=== Begin Enclosure ===

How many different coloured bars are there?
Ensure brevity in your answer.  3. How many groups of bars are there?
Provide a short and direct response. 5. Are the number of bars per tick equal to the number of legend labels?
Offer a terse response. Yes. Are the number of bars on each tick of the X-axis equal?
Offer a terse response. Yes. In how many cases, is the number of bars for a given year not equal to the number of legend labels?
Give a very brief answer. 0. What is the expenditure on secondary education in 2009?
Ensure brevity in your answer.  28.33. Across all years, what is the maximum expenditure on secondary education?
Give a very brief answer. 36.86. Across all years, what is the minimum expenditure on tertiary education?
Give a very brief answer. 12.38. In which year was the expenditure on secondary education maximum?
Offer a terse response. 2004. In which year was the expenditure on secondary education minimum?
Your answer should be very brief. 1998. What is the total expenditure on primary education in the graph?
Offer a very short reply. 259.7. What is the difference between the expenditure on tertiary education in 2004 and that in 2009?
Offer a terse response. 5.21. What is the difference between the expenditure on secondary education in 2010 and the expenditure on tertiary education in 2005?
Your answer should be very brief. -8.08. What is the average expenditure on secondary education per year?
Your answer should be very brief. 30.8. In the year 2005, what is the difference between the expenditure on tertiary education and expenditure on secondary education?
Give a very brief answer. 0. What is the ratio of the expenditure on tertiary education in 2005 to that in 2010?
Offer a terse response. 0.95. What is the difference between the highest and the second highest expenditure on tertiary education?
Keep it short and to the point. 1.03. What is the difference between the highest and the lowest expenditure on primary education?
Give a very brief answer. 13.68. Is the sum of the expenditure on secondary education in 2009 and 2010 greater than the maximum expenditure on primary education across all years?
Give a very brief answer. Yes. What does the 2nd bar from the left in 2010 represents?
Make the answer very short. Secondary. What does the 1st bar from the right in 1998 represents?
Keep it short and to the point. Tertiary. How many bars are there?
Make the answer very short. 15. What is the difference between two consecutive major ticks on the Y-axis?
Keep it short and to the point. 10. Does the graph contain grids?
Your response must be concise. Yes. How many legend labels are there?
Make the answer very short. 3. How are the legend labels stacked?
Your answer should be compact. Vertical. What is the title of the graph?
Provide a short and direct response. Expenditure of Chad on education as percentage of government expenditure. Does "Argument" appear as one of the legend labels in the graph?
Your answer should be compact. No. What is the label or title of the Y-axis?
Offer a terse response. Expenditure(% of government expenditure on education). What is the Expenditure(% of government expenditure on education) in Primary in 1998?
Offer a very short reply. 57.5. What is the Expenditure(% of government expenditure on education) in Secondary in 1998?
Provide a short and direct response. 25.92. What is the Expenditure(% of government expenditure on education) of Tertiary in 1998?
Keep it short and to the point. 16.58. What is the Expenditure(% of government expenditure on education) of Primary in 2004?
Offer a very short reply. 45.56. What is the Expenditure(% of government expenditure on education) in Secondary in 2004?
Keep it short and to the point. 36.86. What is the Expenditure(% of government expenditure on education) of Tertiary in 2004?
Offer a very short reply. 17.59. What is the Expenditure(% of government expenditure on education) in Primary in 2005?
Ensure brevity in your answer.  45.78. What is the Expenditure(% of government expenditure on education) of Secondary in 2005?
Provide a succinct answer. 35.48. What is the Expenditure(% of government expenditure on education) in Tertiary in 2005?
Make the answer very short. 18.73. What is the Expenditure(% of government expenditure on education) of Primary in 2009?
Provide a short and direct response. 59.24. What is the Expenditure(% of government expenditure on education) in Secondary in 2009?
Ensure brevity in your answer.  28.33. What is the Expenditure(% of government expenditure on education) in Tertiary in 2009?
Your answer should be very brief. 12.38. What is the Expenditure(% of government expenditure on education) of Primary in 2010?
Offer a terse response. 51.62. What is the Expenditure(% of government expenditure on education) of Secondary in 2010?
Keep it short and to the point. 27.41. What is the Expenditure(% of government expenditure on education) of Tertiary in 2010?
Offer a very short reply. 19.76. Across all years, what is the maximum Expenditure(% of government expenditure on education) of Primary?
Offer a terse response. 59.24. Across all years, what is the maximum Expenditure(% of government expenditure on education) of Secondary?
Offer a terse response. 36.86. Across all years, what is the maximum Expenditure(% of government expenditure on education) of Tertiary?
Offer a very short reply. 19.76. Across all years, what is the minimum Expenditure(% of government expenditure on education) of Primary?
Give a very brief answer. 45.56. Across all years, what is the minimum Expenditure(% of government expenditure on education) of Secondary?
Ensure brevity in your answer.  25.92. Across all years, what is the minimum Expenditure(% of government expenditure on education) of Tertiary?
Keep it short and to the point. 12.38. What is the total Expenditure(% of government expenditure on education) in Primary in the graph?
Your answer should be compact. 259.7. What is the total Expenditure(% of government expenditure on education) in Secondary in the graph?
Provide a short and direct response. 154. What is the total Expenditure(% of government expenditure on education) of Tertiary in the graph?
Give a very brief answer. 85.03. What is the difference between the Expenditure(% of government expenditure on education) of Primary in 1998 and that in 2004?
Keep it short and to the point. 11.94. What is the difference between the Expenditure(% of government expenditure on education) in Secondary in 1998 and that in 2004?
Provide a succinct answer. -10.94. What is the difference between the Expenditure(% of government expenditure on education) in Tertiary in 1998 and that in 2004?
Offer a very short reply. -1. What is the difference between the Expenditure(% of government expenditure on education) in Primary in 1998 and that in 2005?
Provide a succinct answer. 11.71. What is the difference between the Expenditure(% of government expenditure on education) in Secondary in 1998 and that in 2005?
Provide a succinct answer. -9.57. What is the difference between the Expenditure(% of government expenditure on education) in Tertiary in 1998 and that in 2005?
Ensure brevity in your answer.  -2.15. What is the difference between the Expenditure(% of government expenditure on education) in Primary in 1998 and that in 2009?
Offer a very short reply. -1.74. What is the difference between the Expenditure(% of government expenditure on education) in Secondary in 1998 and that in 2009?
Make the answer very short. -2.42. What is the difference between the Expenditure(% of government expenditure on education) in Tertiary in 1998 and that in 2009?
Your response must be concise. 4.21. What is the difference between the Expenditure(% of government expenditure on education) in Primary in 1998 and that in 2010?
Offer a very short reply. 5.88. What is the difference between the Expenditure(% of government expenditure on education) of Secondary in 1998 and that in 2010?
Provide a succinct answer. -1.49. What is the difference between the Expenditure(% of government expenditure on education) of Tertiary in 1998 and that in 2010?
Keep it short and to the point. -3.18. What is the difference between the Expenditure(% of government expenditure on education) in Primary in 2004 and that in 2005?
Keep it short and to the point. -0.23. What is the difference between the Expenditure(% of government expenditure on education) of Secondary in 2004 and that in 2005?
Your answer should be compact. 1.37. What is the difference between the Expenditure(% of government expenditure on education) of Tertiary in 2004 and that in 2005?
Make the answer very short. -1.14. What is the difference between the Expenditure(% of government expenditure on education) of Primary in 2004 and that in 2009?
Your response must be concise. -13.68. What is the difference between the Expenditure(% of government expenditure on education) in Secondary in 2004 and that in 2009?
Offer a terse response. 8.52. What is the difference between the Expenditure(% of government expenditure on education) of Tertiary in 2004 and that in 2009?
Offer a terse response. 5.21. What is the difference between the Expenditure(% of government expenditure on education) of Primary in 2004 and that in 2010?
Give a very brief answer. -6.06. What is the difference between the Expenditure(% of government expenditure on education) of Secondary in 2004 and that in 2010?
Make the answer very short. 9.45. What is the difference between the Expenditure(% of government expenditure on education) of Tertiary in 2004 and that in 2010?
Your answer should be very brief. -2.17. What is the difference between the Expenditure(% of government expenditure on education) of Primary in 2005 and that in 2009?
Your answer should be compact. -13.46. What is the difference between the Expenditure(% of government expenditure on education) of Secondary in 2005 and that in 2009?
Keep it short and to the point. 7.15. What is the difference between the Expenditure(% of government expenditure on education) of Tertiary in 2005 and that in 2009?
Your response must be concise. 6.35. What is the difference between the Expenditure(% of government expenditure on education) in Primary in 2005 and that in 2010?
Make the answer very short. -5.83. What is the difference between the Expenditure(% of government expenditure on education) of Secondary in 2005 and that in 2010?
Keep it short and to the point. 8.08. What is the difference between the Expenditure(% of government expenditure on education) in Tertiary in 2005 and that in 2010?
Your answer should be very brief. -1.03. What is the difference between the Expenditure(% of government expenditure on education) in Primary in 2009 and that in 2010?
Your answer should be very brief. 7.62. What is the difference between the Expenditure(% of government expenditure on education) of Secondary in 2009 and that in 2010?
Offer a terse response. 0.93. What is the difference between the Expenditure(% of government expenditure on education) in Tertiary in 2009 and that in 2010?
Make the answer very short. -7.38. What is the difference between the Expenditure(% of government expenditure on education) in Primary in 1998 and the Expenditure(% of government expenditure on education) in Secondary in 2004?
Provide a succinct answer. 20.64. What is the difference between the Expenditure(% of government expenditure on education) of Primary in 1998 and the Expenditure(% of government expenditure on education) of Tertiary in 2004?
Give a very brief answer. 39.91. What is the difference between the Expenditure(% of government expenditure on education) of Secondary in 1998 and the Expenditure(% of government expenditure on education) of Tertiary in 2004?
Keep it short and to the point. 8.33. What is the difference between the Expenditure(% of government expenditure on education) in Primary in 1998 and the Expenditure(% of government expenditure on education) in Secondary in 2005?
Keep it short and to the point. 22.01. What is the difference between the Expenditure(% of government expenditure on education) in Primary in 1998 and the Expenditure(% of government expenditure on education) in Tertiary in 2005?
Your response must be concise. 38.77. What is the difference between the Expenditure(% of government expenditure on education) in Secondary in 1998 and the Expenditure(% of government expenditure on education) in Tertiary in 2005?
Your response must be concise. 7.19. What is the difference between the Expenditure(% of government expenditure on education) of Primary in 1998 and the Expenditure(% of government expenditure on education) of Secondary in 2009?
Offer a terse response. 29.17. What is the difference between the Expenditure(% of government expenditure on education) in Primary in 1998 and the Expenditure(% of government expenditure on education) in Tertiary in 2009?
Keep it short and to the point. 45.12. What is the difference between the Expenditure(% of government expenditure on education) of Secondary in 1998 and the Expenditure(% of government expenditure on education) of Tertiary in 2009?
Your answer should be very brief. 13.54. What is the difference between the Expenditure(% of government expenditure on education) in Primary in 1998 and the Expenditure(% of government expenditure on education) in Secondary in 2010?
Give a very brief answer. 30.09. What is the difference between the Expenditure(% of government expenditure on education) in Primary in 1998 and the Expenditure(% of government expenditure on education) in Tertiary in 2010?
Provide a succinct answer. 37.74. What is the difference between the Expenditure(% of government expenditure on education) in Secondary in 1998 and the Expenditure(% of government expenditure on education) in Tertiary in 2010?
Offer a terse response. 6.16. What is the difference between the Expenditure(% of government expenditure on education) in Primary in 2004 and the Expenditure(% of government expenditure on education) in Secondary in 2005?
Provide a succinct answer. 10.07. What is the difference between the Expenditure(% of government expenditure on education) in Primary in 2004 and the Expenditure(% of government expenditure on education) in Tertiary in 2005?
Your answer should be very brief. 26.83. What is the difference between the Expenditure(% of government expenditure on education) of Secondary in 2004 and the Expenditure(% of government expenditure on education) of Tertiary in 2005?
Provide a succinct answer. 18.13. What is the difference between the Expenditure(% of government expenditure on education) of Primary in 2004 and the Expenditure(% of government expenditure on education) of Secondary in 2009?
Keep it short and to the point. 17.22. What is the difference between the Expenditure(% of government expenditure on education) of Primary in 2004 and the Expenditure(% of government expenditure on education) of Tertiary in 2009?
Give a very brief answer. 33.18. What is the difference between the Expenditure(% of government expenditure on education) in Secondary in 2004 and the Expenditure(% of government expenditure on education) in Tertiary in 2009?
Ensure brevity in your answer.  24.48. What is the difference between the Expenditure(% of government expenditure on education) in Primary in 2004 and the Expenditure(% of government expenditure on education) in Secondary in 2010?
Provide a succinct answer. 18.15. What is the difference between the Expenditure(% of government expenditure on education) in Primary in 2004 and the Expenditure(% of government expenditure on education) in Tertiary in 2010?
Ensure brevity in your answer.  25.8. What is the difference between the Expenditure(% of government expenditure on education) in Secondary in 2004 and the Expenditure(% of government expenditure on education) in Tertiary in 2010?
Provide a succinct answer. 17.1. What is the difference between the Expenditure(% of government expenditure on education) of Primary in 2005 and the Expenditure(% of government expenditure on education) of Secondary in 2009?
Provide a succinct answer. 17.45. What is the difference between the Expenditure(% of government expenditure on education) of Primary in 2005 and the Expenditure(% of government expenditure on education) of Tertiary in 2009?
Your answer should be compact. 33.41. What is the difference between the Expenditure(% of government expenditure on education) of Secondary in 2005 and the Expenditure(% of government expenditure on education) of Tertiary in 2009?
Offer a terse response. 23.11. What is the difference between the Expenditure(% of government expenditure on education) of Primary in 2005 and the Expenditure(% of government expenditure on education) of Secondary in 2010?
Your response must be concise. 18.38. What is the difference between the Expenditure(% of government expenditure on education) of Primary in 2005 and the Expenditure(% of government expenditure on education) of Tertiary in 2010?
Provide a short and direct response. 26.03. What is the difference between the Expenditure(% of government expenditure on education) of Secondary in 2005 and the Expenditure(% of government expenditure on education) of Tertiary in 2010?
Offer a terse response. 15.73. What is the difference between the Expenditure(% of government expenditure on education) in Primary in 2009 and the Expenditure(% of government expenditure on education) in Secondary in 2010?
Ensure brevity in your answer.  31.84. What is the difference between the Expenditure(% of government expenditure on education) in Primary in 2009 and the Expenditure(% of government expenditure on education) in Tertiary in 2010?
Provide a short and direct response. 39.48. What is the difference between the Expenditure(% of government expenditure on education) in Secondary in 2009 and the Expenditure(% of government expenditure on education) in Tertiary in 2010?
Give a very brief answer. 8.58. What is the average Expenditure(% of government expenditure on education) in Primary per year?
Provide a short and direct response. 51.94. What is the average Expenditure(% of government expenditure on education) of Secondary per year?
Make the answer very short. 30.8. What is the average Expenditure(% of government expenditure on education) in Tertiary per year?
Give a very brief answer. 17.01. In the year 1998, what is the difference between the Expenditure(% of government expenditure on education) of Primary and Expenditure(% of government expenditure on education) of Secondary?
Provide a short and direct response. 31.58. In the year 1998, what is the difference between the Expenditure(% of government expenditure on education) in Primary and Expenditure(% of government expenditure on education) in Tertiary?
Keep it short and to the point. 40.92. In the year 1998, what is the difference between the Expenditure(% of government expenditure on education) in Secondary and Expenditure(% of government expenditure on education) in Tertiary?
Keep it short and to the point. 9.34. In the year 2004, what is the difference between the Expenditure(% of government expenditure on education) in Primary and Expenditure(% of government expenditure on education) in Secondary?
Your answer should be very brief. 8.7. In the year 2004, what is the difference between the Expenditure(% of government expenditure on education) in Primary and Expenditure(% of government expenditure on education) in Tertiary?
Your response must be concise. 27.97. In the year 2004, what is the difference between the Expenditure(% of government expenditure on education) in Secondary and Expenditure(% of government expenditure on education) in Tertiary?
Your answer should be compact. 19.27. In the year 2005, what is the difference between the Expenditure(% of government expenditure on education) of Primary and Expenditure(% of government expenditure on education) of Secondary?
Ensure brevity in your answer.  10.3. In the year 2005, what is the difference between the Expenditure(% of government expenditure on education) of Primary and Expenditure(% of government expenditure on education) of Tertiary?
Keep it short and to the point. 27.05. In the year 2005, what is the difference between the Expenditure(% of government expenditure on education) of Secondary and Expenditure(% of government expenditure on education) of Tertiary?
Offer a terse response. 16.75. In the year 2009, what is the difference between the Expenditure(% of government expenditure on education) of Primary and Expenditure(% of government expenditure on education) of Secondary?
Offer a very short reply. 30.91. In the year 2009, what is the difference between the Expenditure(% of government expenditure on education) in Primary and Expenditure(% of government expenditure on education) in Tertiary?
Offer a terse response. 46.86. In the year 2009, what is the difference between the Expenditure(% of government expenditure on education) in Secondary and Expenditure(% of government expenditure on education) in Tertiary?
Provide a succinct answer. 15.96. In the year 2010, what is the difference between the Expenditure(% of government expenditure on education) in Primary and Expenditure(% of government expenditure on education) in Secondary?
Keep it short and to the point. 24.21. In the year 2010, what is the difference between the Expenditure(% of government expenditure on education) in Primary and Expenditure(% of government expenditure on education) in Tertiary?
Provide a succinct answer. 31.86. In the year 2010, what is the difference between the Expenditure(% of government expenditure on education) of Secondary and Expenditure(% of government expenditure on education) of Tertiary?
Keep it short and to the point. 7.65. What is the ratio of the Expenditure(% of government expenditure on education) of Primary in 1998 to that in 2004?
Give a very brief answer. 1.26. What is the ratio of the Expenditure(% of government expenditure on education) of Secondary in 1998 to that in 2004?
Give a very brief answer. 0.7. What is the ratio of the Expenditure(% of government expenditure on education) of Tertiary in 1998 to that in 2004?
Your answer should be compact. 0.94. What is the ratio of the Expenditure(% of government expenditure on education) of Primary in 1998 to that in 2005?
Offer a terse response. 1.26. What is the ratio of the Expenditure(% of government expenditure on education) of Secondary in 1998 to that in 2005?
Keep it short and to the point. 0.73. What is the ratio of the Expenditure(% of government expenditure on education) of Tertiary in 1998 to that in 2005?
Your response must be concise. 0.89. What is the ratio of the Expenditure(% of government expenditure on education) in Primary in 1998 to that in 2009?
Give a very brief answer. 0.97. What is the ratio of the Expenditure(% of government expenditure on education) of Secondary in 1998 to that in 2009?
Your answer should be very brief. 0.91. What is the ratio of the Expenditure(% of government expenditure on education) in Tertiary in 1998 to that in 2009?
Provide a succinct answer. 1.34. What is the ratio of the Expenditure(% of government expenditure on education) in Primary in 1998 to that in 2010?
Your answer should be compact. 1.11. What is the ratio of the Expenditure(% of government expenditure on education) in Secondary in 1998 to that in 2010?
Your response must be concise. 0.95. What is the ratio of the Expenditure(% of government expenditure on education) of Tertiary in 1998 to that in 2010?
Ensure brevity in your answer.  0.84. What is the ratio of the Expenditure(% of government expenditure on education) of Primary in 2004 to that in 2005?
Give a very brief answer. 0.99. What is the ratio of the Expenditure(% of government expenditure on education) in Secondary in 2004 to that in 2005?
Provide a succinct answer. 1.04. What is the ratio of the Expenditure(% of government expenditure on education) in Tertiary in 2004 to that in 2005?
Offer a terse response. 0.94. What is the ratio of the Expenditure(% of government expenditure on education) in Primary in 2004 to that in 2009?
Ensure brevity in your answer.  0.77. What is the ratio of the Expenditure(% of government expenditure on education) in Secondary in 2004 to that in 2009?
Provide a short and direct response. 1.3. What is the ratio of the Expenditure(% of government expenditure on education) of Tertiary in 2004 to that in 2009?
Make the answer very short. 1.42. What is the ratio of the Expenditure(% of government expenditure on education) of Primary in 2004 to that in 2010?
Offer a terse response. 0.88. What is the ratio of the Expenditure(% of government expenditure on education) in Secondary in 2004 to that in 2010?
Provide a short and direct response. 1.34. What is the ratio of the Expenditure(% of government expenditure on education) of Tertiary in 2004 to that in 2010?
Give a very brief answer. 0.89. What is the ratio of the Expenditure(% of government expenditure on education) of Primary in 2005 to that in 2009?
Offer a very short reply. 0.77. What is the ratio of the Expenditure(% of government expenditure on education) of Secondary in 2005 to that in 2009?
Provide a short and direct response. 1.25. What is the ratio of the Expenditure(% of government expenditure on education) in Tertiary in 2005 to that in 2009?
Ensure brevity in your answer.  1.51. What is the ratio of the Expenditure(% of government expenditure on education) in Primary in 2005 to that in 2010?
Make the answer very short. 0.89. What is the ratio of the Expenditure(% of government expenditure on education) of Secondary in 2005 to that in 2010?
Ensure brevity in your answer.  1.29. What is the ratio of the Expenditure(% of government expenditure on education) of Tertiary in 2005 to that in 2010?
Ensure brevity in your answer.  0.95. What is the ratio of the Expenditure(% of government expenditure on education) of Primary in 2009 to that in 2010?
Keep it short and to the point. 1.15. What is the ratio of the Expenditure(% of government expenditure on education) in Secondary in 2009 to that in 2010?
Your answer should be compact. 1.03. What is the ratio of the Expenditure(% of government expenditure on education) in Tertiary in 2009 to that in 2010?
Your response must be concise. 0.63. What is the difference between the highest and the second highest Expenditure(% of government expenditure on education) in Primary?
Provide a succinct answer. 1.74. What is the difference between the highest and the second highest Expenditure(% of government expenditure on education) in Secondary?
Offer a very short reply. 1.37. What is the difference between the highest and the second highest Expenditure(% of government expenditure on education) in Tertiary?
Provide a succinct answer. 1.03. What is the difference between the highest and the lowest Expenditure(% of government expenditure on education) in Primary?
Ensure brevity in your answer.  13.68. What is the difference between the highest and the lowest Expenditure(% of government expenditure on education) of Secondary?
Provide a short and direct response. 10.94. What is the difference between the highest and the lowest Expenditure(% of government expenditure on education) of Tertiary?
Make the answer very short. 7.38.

=== End Enclosure ===

▸ **Problem to work on**
For the word "years", count the lines of the records above that hold it and state only that count.

▸ **Problem solution**
9